Then there’s the illegal second floor apartment. Which feels like the worlds smallest labyrinth covered in 1970’s shag and oak doors. 1-31-2016_020


It did however have one really awesome thing going for it! What’s an illegal apartment without a kitchenette? Fun Fact: With only half the number of cabinets this kitchenette was easier to work in then the one downstairs and, because these are REAL house sized cabinets (and not dollhouse sized pieces of garbage) all the kitchen stuff fit.

Yes. I said all of it.

It’s about now you might (justifiably) be wondering if there was anything good about the interior and to that question I’ll provide a tentative yes. Take a look at the window in our master bedroom:

Look past the blue carpet and baby blue walls and we’ve got a palladium window, cathedral ceiling and a double closet. Definitely workable.

Lots of work for sure. And this tour doesn’t even cover the whole property since before shots of the bathrooms, two other bedrooms or the garage loft still need to be uploaded. In any case, welcome to our new home! We can’t wait to share our progress and now that the blur has slowed to a sprint, our plans!

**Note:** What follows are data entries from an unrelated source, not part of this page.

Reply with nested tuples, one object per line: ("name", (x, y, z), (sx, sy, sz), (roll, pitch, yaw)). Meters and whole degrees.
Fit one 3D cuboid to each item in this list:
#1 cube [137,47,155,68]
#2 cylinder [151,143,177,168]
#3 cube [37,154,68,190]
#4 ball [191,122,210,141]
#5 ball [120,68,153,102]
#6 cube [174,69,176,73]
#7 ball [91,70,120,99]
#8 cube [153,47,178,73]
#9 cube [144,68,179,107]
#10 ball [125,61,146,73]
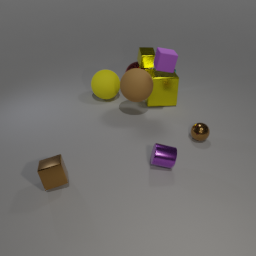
("cube", (0.873, -3.355, 13.343), (0.700, 0.700, 0.700), (-2, 50, -11))
("cylinder", (1.148, 0.892, 9.027), (0.700, 0.700, 0.700), (13, 32, -4))
("cube", (-2.236, 1.313, 8.384), (0.700, 0.700, 0.700), (-17, 21, -7))
("ball", (2.701, 0.143, 10.494), (0.700, 0.700, 0.700), (0, 32, 0))
("ball", (0.359, -1.782, 11.698), (1.400, 1.400, 1.400), (0, 32, 0))
("cube", (2.122, -2.862, 15.123), (0.700, 0.700, 0.700), (-36, 55, -15))
("ball", (-1.065, -2.085, 13.415), (1.400, 1.400, 1.400), (0, 32, 0))
("cube", (1.435, -2.617, 10.784), (0.700, 0.700, 0.700), (6, 32, -11))
("cube", (1.513, -1.944, 13.214), (1.400, 1.400, 1.400), (-3, 30, -5))
("ball", (0.534, -2.727, 14.492), (1.400, 1.400, 1.400), (0, 32, 0))
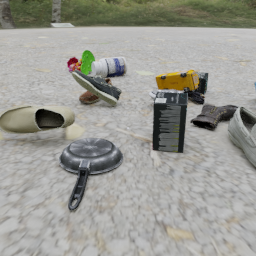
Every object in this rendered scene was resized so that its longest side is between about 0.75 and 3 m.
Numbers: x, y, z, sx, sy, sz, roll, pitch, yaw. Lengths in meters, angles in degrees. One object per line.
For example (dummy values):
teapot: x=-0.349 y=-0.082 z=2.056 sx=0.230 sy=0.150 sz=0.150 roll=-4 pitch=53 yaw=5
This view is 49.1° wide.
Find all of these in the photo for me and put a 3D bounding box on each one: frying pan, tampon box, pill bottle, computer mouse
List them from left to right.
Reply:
frying pan: x=-1.147 y=0.817 z=6.571 sx=1.610 sy=0.433 sz=2.661 roll=11 pitch=23 yaw=24
pill bottle: x=-0.987 y=-3.183 z=14.688 sx=1.722 sy=0.956 sz=0.956 roll=-11 pitch=27 yaw=-22
tampon box: x=1.123 y=-0.180 z=7.537 sx=0.849 sy=1.345 sz=1.008 roll=4 pitch=25 yaw=10
computer mouse: x=1.801 y=-1.150 z=10.787 sx=2.339 sy=0.513 sz=1.282 roll=-7 pitch=29 yaw=-28
tampon box: x=3.042 y=-1.904 z=12.034 sx=0.666 sy=0.791 sz=1.056 roll=9 pitch=26 yaw=19

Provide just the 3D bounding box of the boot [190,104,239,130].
boot: x=2.865 y=-0.291 z=8.969 sx=1.493 sy=0.517 sz=1.300 roll=7 pitch=30 yaw=25

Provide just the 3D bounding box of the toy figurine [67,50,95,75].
toy figurine: x=-2.776 y=-3.461 z=15.526 sx=1.445 sy=1.178 sz=1.570 roll=-4 pitch=55 yaw=31

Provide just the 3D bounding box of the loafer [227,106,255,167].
loafer: x=3.347 y=0.293 z=6.918 sx=0.992 sy=0.990 sz=2.836 roll=-5 pitch=25 yaw=-10

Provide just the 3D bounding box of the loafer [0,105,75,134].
loafer: x=-2.527 y=-0.263 z=7.567 sx=2.126 sy=0.804 sz=0.726 roll=-7 pitch=6 yaw=-4

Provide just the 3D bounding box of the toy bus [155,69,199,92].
toy bus: x=2.039 y=-1.924 z=11.485 sx=0.862 sy=0.717 sz=2.202 roll=-24 pitch=17 yaw=-30

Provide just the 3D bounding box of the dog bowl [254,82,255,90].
dog bowl: x=5.351 y=-1.498 z=9.926 sx=1.432 sy=0.637 sz=2.569 roll=5 pitch=-9 yaw=15

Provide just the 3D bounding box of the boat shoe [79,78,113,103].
boat shoe: x=-1.290 y=-1.536 z=11.281 sx=0.708 sy=0.671 sz=1.870 roll=18 pitch=34 yaw=28

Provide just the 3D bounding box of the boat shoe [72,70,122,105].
boat shoe: x=-1.155 y=-1.611 z=10.411 sx=1.971 sy=0.666 sz=0.708 roll=30 pitch=-16 yaw=-14

*Yes. Straight up lied. I might write up another quick advice post at some point soon, but do yourself a favor: Call your service providers 24-36 hours prior to your move! I thought I was totally in the clear but hadn’t received any pesky verification call so I picked up the phone the day before the move to make sure I had a truck. Guess what? Budget didn’t even have a truck like I’d reserved within a 300 mile radius. Guess what else? They were going to charge me for it anyway and sell me on renting 2 trucks that didn’t even have the same storage capacity on the day of! I, um, “politely” refused their offer with a few choice words interspersed and called all the companies I’d gotten quotes from before settling on a self-move. Thank goodness that I’d done that! No idea how we would have done that if I hadn’t.. no freakin’ clue.

**For the blood pressure levels of all the historic home lovers out there when we say rip it out and replace, we mean replace or restore to get this home back to its roots. The last few owners loved all things 1990’s and plastic so much needs to be done. But were’ working on it…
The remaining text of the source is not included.